Awards were given to 11 recipients between 1993 and 1997. The department reinstated awards in February 2022. The awards provide financial support in the form of reimbursement to staff members enrolled in certificate or degree programs, to assist with incidental costs associated with pursuit of these programs. In the original award announcement in 1993, Love was recognized as a man of dignity and perseverance who was “aware of his mission in life— to serve humanity with altruistic compassion. He was humble. The extra mile always seemed to be the easiest for him to travel.”

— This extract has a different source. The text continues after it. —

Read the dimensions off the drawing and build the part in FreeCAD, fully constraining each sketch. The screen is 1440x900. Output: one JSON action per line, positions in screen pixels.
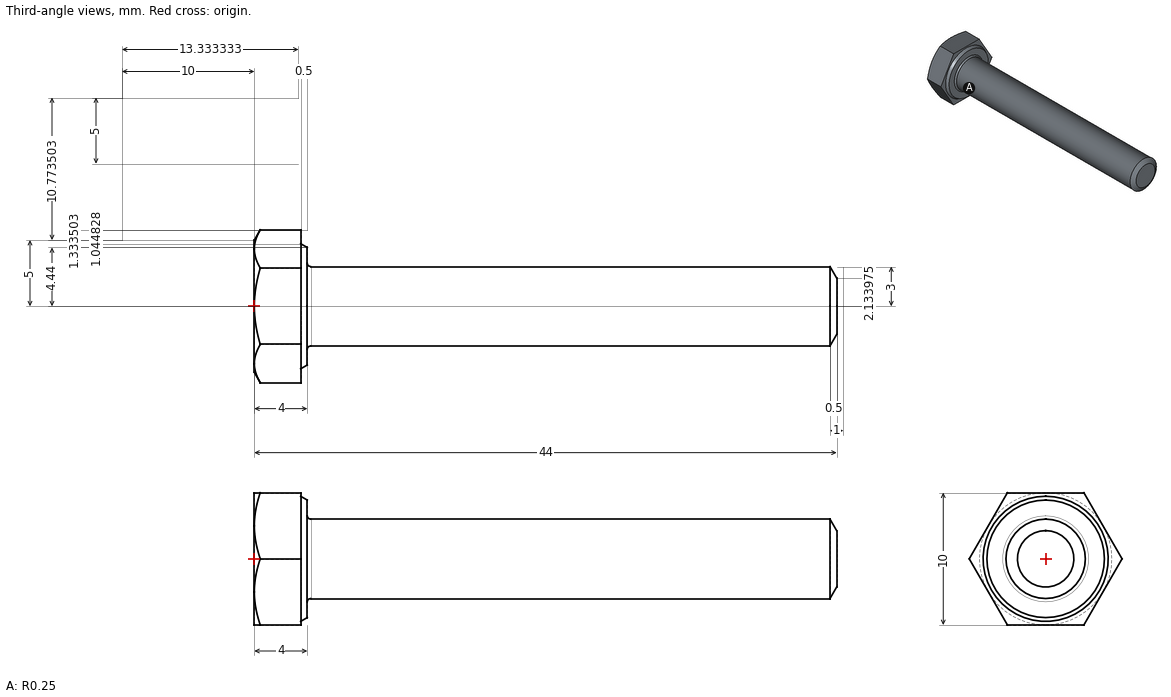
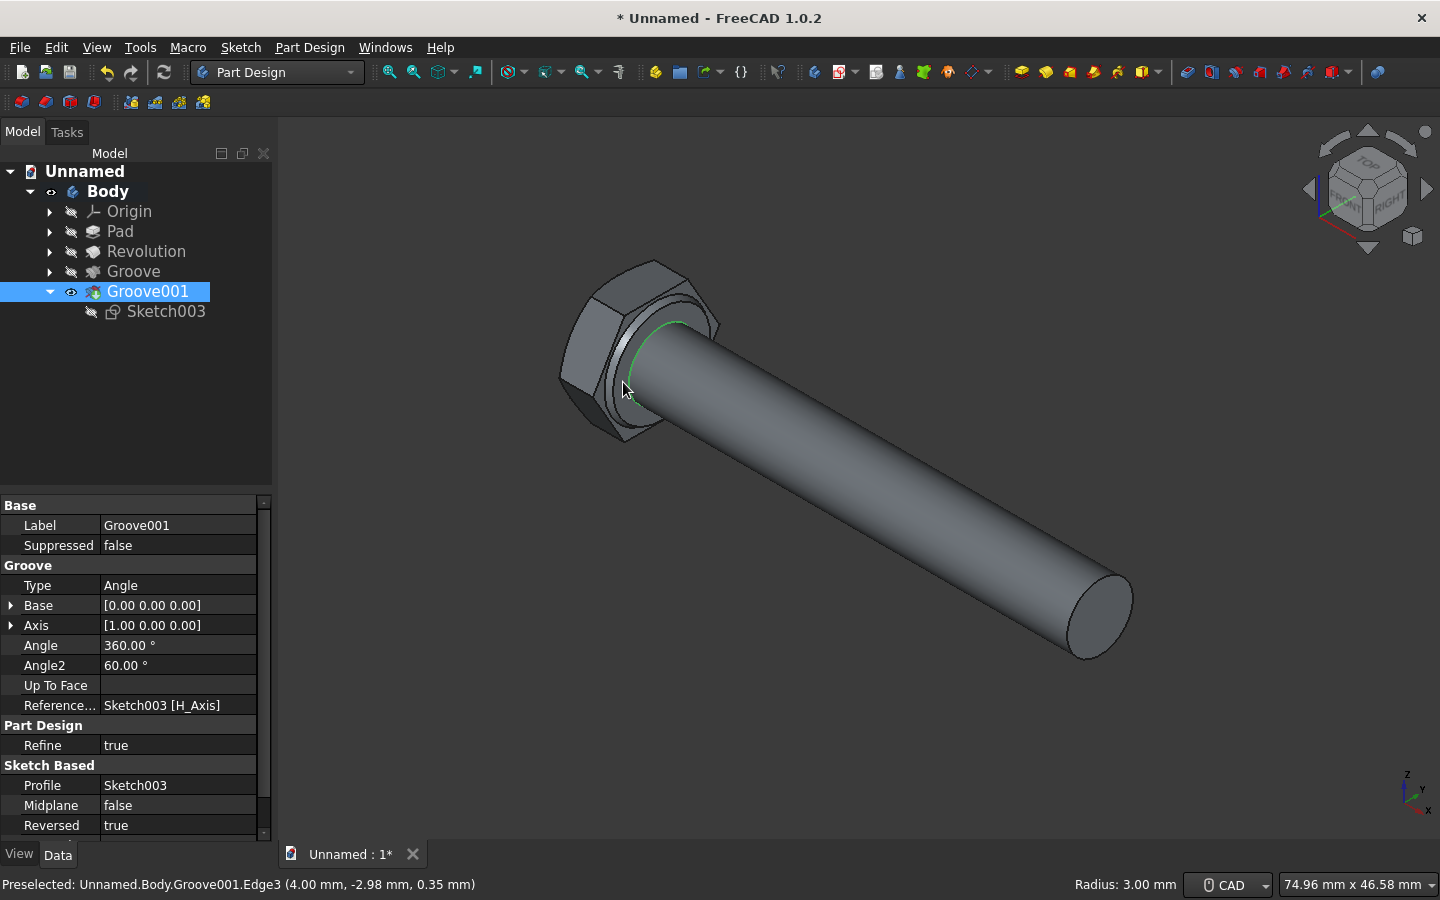
{"action": "left_click", "coordinate": [22, 102]}

Margolis wrote, “Out of my career-long immersion in medical education for minorities, I consider my participation in the creation of this fund as my most fulfilling experience.” In a 1993 memo addressed to Leonard Beckum, vice president and vice provost of Duke University at the time, Margolis wrote, “Absent this memorial, a Black employee, whose ties to Duke Hospital and Medical School began with the opening of the institution and spanned more than four decades, would have disappeared from history.” He continued, “In sum: I believe that an award should be presented to a needy medical student, for the purchase of books, or perhaps medical instruments, or aid in the payment of tuition to Duke Medical School.” Margolis’ son Joshua later wrote about his father’s friendship with Love in a paper titled “Dinner with Donald” for Duke’s “Humanitarian Perspectives in Public Policy” course in 1981. “I have a warm memory of Donald,” said Johnston. “He was always there, always doing his work, never heard a word of complaint out of him. Everybody had a tremendous amount of respect and affection for him. I think it’s wonderful that we’re reinstating the service award.”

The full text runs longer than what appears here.